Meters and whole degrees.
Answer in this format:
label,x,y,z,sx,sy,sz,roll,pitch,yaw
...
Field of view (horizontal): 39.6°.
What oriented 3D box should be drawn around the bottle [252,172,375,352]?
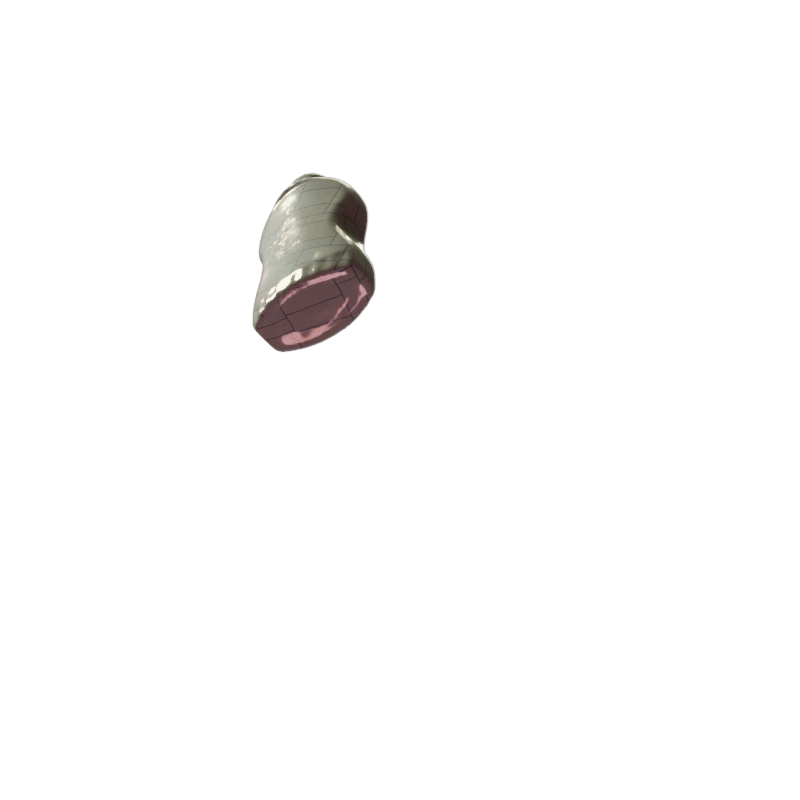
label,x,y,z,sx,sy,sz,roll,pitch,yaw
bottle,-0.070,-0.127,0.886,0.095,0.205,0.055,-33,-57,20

• • •

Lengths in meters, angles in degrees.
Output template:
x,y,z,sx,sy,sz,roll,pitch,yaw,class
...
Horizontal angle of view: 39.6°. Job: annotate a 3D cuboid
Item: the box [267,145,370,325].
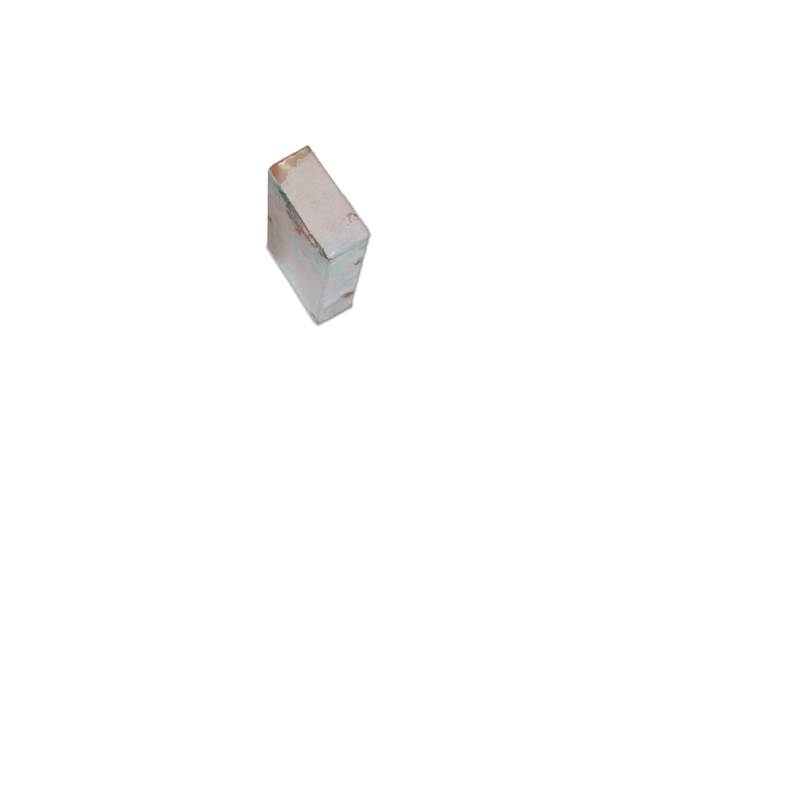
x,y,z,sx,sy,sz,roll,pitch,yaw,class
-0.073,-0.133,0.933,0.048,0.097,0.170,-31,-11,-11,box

• • •

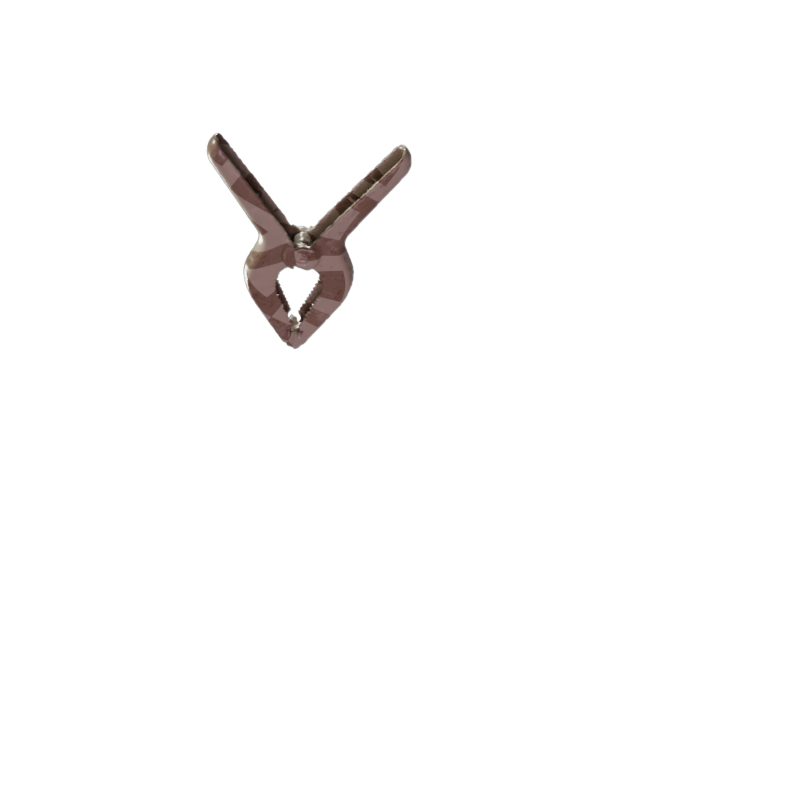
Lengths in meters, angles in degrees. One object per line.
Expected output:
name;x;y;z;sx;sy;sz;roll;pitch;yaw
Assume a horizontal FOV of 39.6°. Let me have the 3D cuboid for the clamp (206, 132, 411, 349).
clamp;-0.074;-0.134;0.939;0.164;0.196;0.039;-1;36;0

• • •

** What you will do **
In the records above, find each line with the word "Lengths" and copy it out.

** Final answer **
Lengths in meters, angles in degrees.
Lengths in meters, angles in degrees. One object per line.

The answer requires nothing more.